Voilà un livre dont il est bien difficile de parler… D’abord, parce qu’il s’apprécie à bien des niveaux différents. Par l’image, par le texte, par la poésie qui s’en dégage. Le lecteur se posera, tranquillement, au coin du feu, ou à l’ombre des arbres, lové dans son lit, comme il le sent, en somme, pour le découvrir tranquillement, et se laisser toucher par son ambiance. D’un côté, il y a l’image donc. Toutes ces photos, qui nous montrent peu à peu Kakada, ce danseur passionné, qui se prépare à monter sur scène. Tantôt, il s’habille en Anuman (le singe guerrier et voyageur), tantôt, il se travestit, mais toujours avec la même prestance, la même détermination dans le regard. De ses mouvements, de ses gestes, transpire une spiritualité évidente. Le tout est entre-coupé de portraits de prisonniers à l’époque des khmers rouges, mais étrangement pleins de pudeur, et sans violence.

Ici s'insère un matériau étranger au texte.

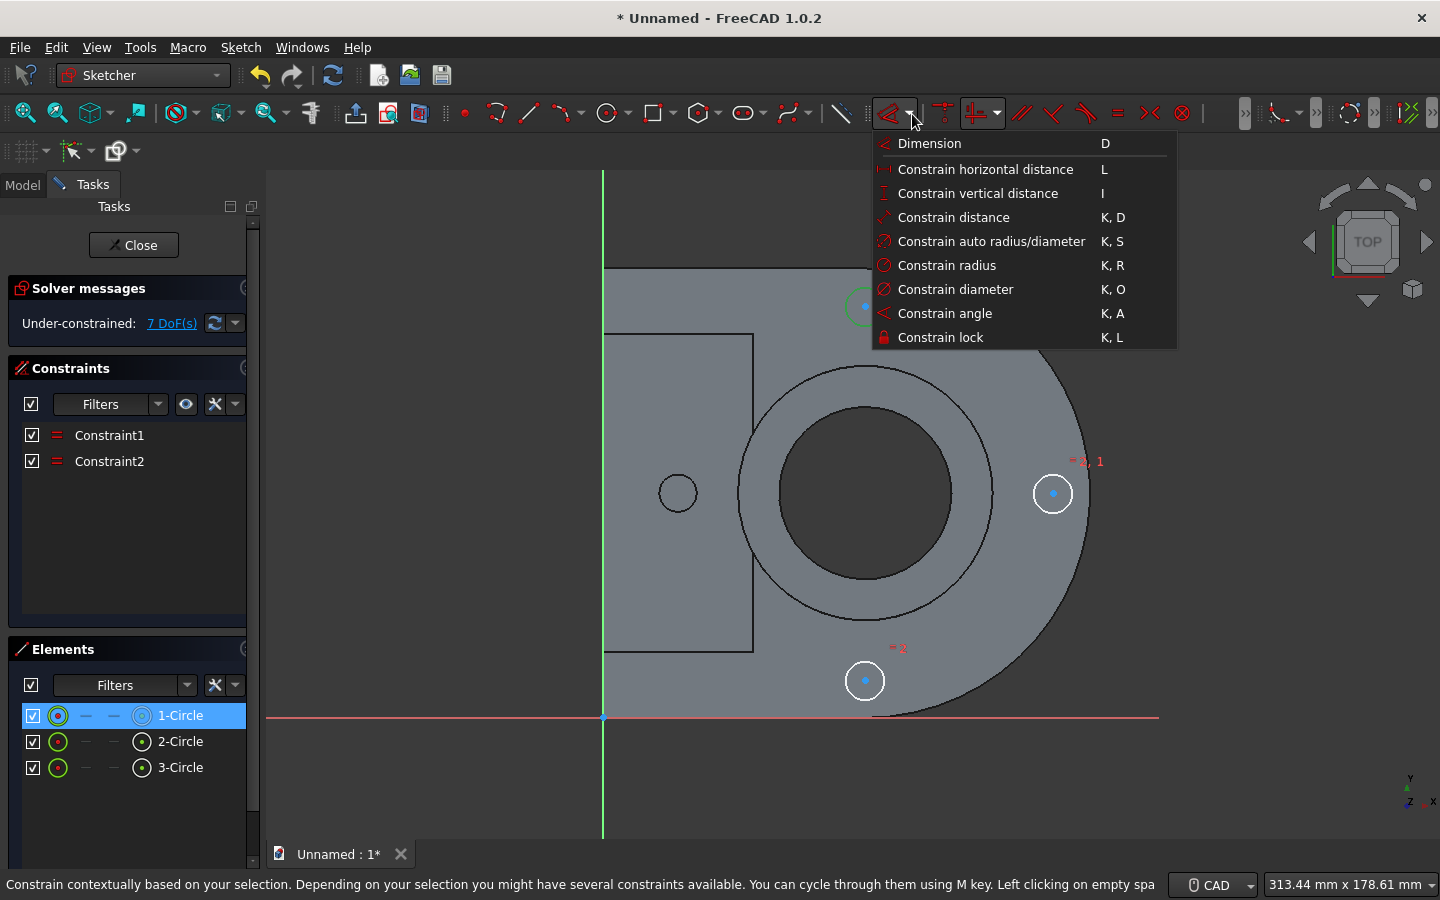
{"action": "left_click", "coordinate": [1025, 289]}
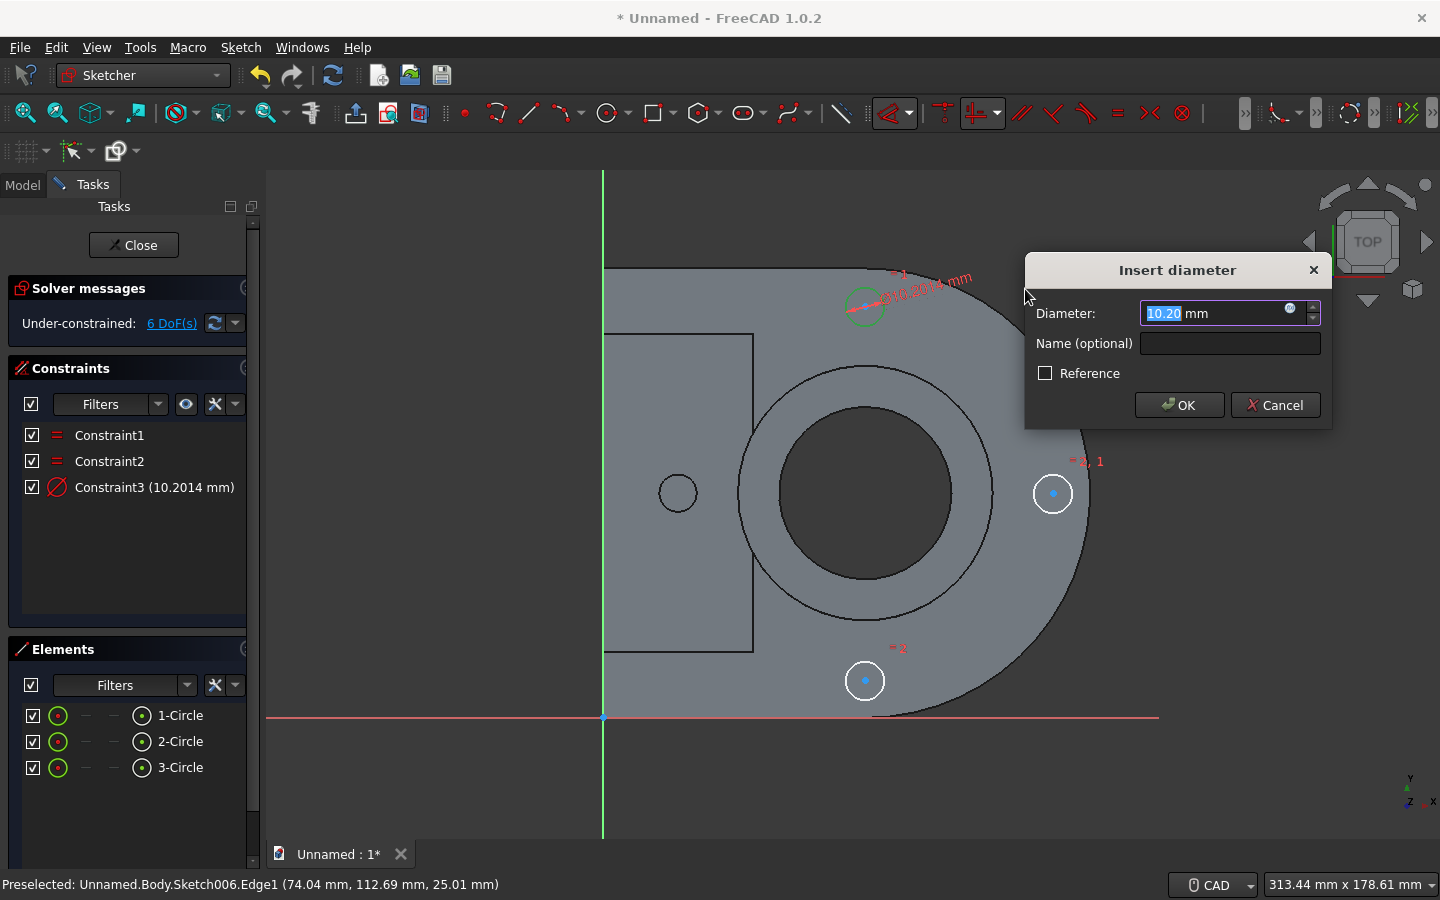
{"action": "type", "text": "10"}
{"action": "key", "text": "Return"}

Si on nous apporte finalement peu d’informations sur la pratique de la danse cambodgienne, cet ouvrage est, en somme, une nouvelle preuve que dans les arts et les spiritualités asiatiques, le concept d’androgynie (divine ?) est récurrent. Au Japon, en Thaillande, en Birmanie… On l’a déjà évoqué souvent ici. Dans ce livre, nous n’apprendrons pas grand chose sur les danseurs travestis cambodgiens, sur le rôle qu’ils assument, sur la différence de leur statut avec celui des danseuses, sur les origines de cette pratique. Mais tout ça, peu importe. Car au-delà des mots, au-delà d’une simple description ethno-historique, les auteurs ont réussi un petit miracle : celui de capter quelque chose de fondamentalement pur, de fondamentalement beau. Sans l’intellectualiser. Ce livre ne se lit pas, il se vit. Et pour les plus curieux, voici un court extrait qui devrait vous convaincre de jeter votre dévolu sur cet ouvrage :
« Un de ces êtres (…) qui ne se laissent pas simplement assigner à un sexe, mais circulent entre, ou de l’un à l’autre. Simulation, dissimulation. L’entre – deux – sexes existe aussi dans la religion populaire khmère, dans de vieux rites, à la campagne, que le bouddhisme ne connaît pas. »
Tout est dit. Et un grand merci aux auteurs !
Conclusion : Dans ce livre, tout est entre deux… Entre le texte et l’image. Entre l’art et la répression de la guerre. Entre la virilité d’Anuman et la féminité d’un travesti. L’alternance des séquences, le jeu entre les poèmes et les descriptions, tout est mouvant, fluctuant, mais participe à l’harmonie globale de l’ouvrage. Que cela soit de manière consciente ou pas, les créateurs à l’origine de cet ouvrage ont donc capté, avec beaucoup de pudeur, l’essence même de cette voie du milieu, de ce que les Amérindiens appellent les « Deux-Esprits ». Fondamentalement, on n’apprend rien dans ce livre. Mais en s’ouvrant, en s’y abandonnant, on se laisse alors toucher par toute la sensibilité qui s’en dégage. A découvrir, en toute simplicité.